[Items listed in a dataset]
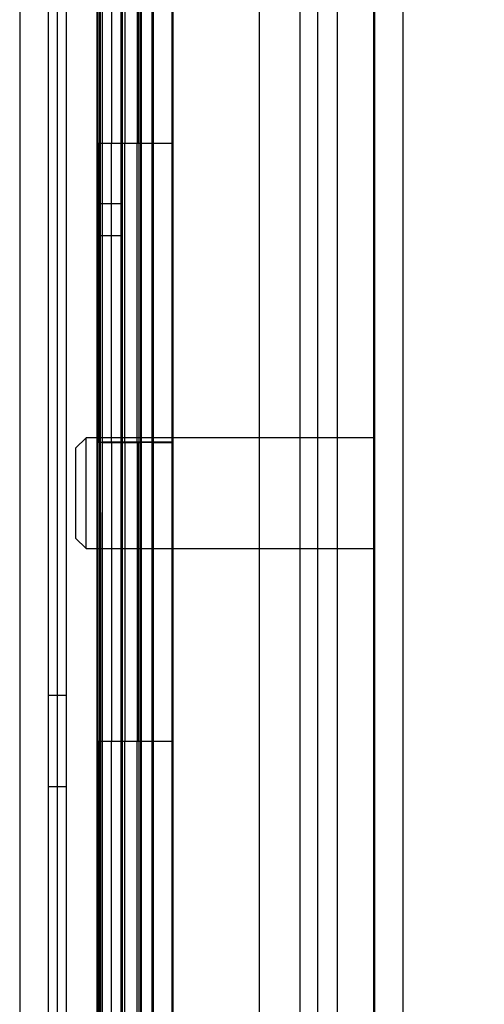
# Model space of a CAD drawing. Header units: inches. Extents: x 1 to 359, y -2 to 239.
# Tile 7 of 83: x 34.97 to 36.53, y 81.29 to 84.59. Entities that reach past the tile are written whole.
import ezdxf
from ezdxf.enums import TextEntityAlignment as Align
from ezdxf.lldxf.tags import DXFTag

# ---------------------------------------------------------------- set-up
doc = ezdxf.new("R2010")
doc.units = ezdxf.units.IN
doc.header["$MEASUREMENT"] = 0
for name, color, linetype in [('COM54746-60', 7, 'Continuous'), ('COM70220', 7, 'Continuous'), ('COM70739-9', 7, 'Continuous'), ('COM70839-3', 7, 'Continuous'), ('COM71195-8', 7, 'Continuous'), ('COM71300-3', 7, 'Continuous'), ('Default', 7, 'Continuous'), ('STD26122', 7, 'Continuous')]:
    doc.layers.add(name, color=color, linetype=linetype)
doc.styles.add('SEACAD_Times_New_Roman', font='times.ttf')
tags = doc.linetypes.add('HIDDEN2', pattern=[0.1875, 0.125, -0.0625]).pattern_tags.tags
tags[6:7] = [DXFTag(74, 4), DXFTag(75, 0), DXFTag(340, '0'), DXFTag(46, 0.0), DXFTag(50, 0.0), DXFTag(44, 0.0), DXFTag(45, 0.0)]
tags[4:5] = [DXFTag(74, 4), DXFTag(75, 0), DXFTag(340, '0'), DXFTag(46, 0.0), DXFTag(50, 0.0), DXFTag(44, 0.0), DXFTag(45, 0.0)]
doc.dimstyles.new('HAMMOND_(STH_-_540x360)', dxfattribs={"dimtxt": 2, "dimasz": 2.5, "dimexe": 1, "dimexo": 1, "dimgap": 0.5, "dimtad": 0, "dimtih": 1, "dimtoh": 1, "dimzin": 0, "dimdsep": 46, "dimtxsty": 'SEACAD_Times_New_Roman', "dimblk1": '_SE_FILLED', "dimblk2": '_SE_FILLED', "dimsah": 1, "dimcen": 1, "dimadec": 0, "dimazin": 0, "dimtfac": 0.8, "dimtofl": 0, "dimtmove": 0, "dimatfit": 3, "dimfxl": 1, "dimtolj": 1, "dimtzin": 0, "dimarcsym": 0})

# ---------------------------------------------------------------- blocks, each defined once
blk = doc.blocks.new('SE1')
at = {"layer": 'COM54746-60', "color": 7, "linetype": 'HIDDEN2'}
for p, q in [((35.1317, 79.1733), (35.1317, 139.1733)), ((35.3177, 139.1733), (35.3177, 80.1734)), ((35.4177, 80.1734), (35.4177, 139.1733)), ((35.9724, 79.1733), (35.9724, 139.1733)), ((35.2327, 85.1733), (35.2327, 84.1733)), ((35.2813, 85.1733), (35.2813, 84.1733)), ((35.3127, 85.1743), (35.3127, 84.1733)), ((35.3263, 85.1733), (35.3263, 84.1733)), ((35.3677, 85.1733), (35.3677, 84.1733)), ((35.3727, 84.1733), (35.3727, 85.1743)), ((35.3784, 84.1733), (35.3784, 85.1743)), ((35.4227, 84.1733), (35.4227, 85.1743)), ((35.2327, 84.1733), (35.2327, 83.1733)), ((35.2327, 84.1733), (35.2373, 84.1733)), ((35.2373, 84.1733), (35.2373, 83.1733)), ((35.2417, 83.1733), (35.2417, 84.1733)), ((35.2507, 84.1733), (35.2507, 83.1743)), ((35.3127, 84.1733), (35.3127, 83.1743)), ((35.3263, 83.1733), (35.3263, 84.1733)), ((35.3677, 83.1733), (35.3677, 84.1733)), ((35.3727, 84.1733), (35.3727, 83.1743)), ((35.3784, 84.1733), (35.3784, 83.1743)), ((35.4227, 83.1733), (35.4227, 84.1733)), ((35.2327, 83.1733), (35.2373, 83.1733)), ((35.2327, 83.1733), (35.2327, 82.1733)), ((35.2507, 83.1743), (35.2507, 83.1733)), ((35.2507, 83.1723), (35.3784, 83.1723)), ((35.2813, 83.1733), (35.2813, 82.1733)), ((35.3127, 83.1743), (35.3127, 82.1733)), ((35.3263, 83.1733), (35.3263, 82.1733)), ((35.3677, 83.1733), (35.3677, 82.1733)), ((35.3727, 82.1733), (35.3727, 83.1743)), ((35.3784, 82.1733), (35.3784, 83.1743)), ((35.4227, 83.1723), (35.3784, 83.1723)), ((35.4227, 82.1733), (35.4227, 83.1743)), ((35.4227, 83.1723), (35.4847, 83.1723)), ((35.1317, 82.3253), (35.0697, 82.3253)), ((35.2327, 82.1733), (35.2327, 81.1733)), ((35.2327, 82.1733), (35.2373, 82.1733)), ((35.2373, 82.1733), (35.2373, 81.1733)), ((35.2417, 81.1733), (35.2417, 82.1733)), ((35.2507, 82.1733), (35.2507, 81.1743)), ((35.3127, 82.1733), (35.3127, 81.1743)), ((35.3263, 81.1733), (35.3263, 82.1733)), ((35.3677, 81.1733), (35.3677, 82.1733)), ((35.3727, 82.1733), (35.3727, 81.1743)), ((35.3784, 82.1733), (35.3784, 81.1743)), ((35.4227, 81.1733), (35.4227, 82.1733)), ((35.0697, 82.0213), (35.1317, 82.0213))]:
    blk.add_line(p, q, dxfattribs=at)
at = {"layer": 'COM54746-60', "color": 7, "linetype": 'Continuous'}
for p, q in [((35.2373, 84.1733), (35.2373, 85.1733)), ((35.2417, 85.1733), (35.2417, 84.1733)), ((35.2507, 85.1733), (35.2507, 84.1733)), ((35.4847, 84.1733), (35.4847, 85.1743)), ((35.2373, 84.1733), (35.2813, 84.1733)), ((35.2813, 84.1733), (35.4847, 84.1733)), ((35.2813, 84.1733), (35.4847, 84.1733)), ((35.2813, 83.1733), (35.2813, 84.1733)), ((35.4847, 83.1733), (35.4847, 84.1733)), ((35.2373, 82.1733), (35.2373, 83.1733)), ((35.2373, 83.1733), (35.2813, 83.1733)), ((35.2417, 83.1733), (35.2417, 82.1733)), ((35.2507, 83.1743), (35.4847, 83.1743)), ((35.2507, 83.1733), (35.2507, 82.1733)), ((35.2813, 83.1733), (35.4847, 83.1733)), ((35.4847, 82.1733), (35.4847, 83.1743)), ((35.2373, 82.1733), (35.2813, 82.1733)), ((35.2813, 82.1733), (35.4847, 82.1733)), ((35.2813, 82.1733), (35.4847, 82.1733)), ((35.2813, 81.1733), (35.2813, 82.1733)), ((35.4847, 81.1733), (35.4847, 82.1733))]:
    blk.add_line(p, q, dxfattribs=at)
at = {"layer": 'COM70220', "color": 7, "linetype": 'HIDDEN2'}
for p, q in [((35.9117, 139.6673), (35.9117, 78.6073)), ((36.1577, 139.6673), (36.1577, 78.6073)), ((36.1597, 139.6673), (36.1597, 78.6073)), ((36.1607, 139.6673), (36.1607, 78.6073))]:
    blk.add_line(p, q, dxfattribs=at)
at = {"layer": 'COM70739-9', "color": 7, "linetype": 'HIDDEN2'}
blk.add_line((35.0997, 139.3743), (35.0997, 78.7543), dxfattribs=at)
at = {"layer": 'COM70839-3', "color": 7, "linetype": 'HIDDEN2'}
for p, q in [((35.2417, 108.3036), (35.2449, 80.4013)), ((35.3137, 108.3037), (35.3169, 80.4013)), ((35.2417, 108.1961), (35.2449, 80.2938)), ((35.3137, 108.1961), (35.3169, 80.2938)), ((35.773, 106.0435), (35.7759, 80.4014)), ((35.773, 105.936), (35.7759, 80.2939)), ((35.3165, 83.9703), (35.2445, 83.9703)), ((35.3165, 83.8628), (35.2445, 83.8628))]:
    blk.add_line(p, q, dxfattribs=at)
at = {"layer": 'COM71195-8', "color": 7, "linetype": 'Continuous'}
for p, q in [((35.4867, 140.3442), (35.4867, 78.0024)), ((36.2567, 140.2493), (36.2567, 78.0973))]:
    blk.add_line(p, q, dxfattribs=at)
at = {"layer": 'COM71195-8', "color": 7, "linetype": 'HIDDEN2'}
for p, q in [((36.1617, 140.2493), (36.1617, 78.0973)), ((35.3817, 78.2517), (35.3817, 139.8143))]:
    blk.add_line(p, q, dxfattribs=at)
at = {"layer": 'COM71300-3', "color": 7, "linetype": 'HIDDEN2'}
for p, q in [((34.9747, 139.7218), (34.9747, 78.4068)), ((36.0367, 139.7218), (36.0367, 78.4068))]:
    blk.add_line(p, q, dxfattribs=at)
at = {"layer": 'COM71300-3', "color": 7, "linetype": 'Continuous'}
blk.add_line((35.0697, 139.7218), (35.0697, 78.4068), dxfattribs=at)
at = {"layer": 'STD26122', "color": 7, "linetype": 'HIDDEN2'}
for p, q in [((35.1967, 83.1873), (35.1617, 83.1523)), ((35.1967, 82.8173), (35.1967, 83.1873)), ((36.1617, 83.1873), (35.1967, 83.1873)), ((35.1617, 83.1523), (35.1617, 82.8523)), ((35.1617, 82.8523), (35.1967, 82.8173)), ((35.1967, 82.8173), (36.1617, 82.8173))]:
    blk.add_line(p, q, dxfattribs=at)
blk = doc.blocks.new('DMBLK124')
at = {"layer": 'Default', "linetype": 'Continuous', "transparency": 16777216}
for points in [[(48.186, 137.9393), (47.7694, 140.4393), (47.3527, 137.9393)], [(48.186, 80.4073), (47.3527, 80.4073), (47.7694, 77.9073)]]:
    blk.add_hatch(color=7, dxfattribs=at).paths.add_polyline_path(points)
at = {"layer": 'Default', "color": 7, "linetype": 'Continuous', "transparency": 16777216}
for p, q in [((36.7242, 140.4393), (48.7694, 140.4393)), ((47.7694, 140.4393), (47.7694, 110.8733)), ((47.7694, 104.4733), (47.7694, 77.9073)), ((37.0667, 77.9073), (48.7694, 77.9073))]:
    blk.add_line(p, q, dxfattribs=at)
at = {"layer": 'Default', "color": 7, "linetype": 'Continuous', "transparency": 16777216, "style": 'SEACAD_Times_New_Roman'}
for s, p in [('62.53', (44.357, 110.1733)), ('OPENNING', (40.2101, 107.1733))]:
    blk.add_text(s, height=2, dxfattribs=at).set_placement(p, align=Align.TOP_LEFT)
blk = doc.blocks.new('_SE_FILLED')
at = {"color": 0}
blk.add_line((0, 0), (-1, 0), dxfattribs=at)
blk.add_solid([(0, 0), (-1, -0.1665), (-1, 0.1665), (0, 0)], dxfattribs=at)

msp = doc.modelspace()

# ---------------------------------------------------------------- block references
at = {"layer": 'Default'}
msp.add_blockref('SE1', (0, 0), dxfattribs=at)

# ---------------------------------------------------------------- dimensions: what is measured, and where the dimension line sits
at = {"layer": 'Default', "color": 7, "linetype": 'Continuous'}
dim = msp.add_linear_dim(base=(47.7694, 77.9073), p1=(35.7242, 140.4393), p2=(35.3817, 77.9073), angle=90, text='\\A1;<>\\POPENNING', dimstyle='HAMMOND_(STH_-_540x360)', dxfattribs=at)
dim.commit()
dim.dimension.update_dxf_attribs({"geometry": 'DMBLK124', "text_midpoint": (47.7694, 109.1733), "dimtype": 160})

doc.saveas('drawing.dxf')

What to work on | Each line of the entries above that contains "Continuous" is to be copied.

Result of the task |
for name, color, linetype in [('COM54746-60', 7, 'Continuous'), ('COM70220', 7, 'Continuous'), ('COM70739-9', 7, 'Continuous'), ('COM70839-3', 7, 'Continuous'), ('COM71195-8', 7, 'Continuous'), ('COM71300-3', 7, 'Continuous'), ('Default', 7, 'Continuous'), ('STD26122', 7, 'Continuous')]:
at = {"layer": 'COM54746-60', "color": 7, "linetype": 'Continuous'}
at = {"layer": 'COM71195-8', "color": 7, "linetype": 'Continuous'}
at = {"layer": 'COM71300-3', "color": 7, "linetype": 'Continuous'}
at = {"layer": 'Default', "linetype": 'Continuous', "transparency": 16777216}
at = {"layer": 'Default', "color": 7, "linetype": 'Continuous', "transparency": 16777216}
at = {"layer": 'Default', "color": 7, "linetype": 'Continuous', "transparency": 16777216, "style": 'SEACAD_Times_New_Roman'}
at = {"layer": 'Default', "color": 7, "linetype": 'Continuous'}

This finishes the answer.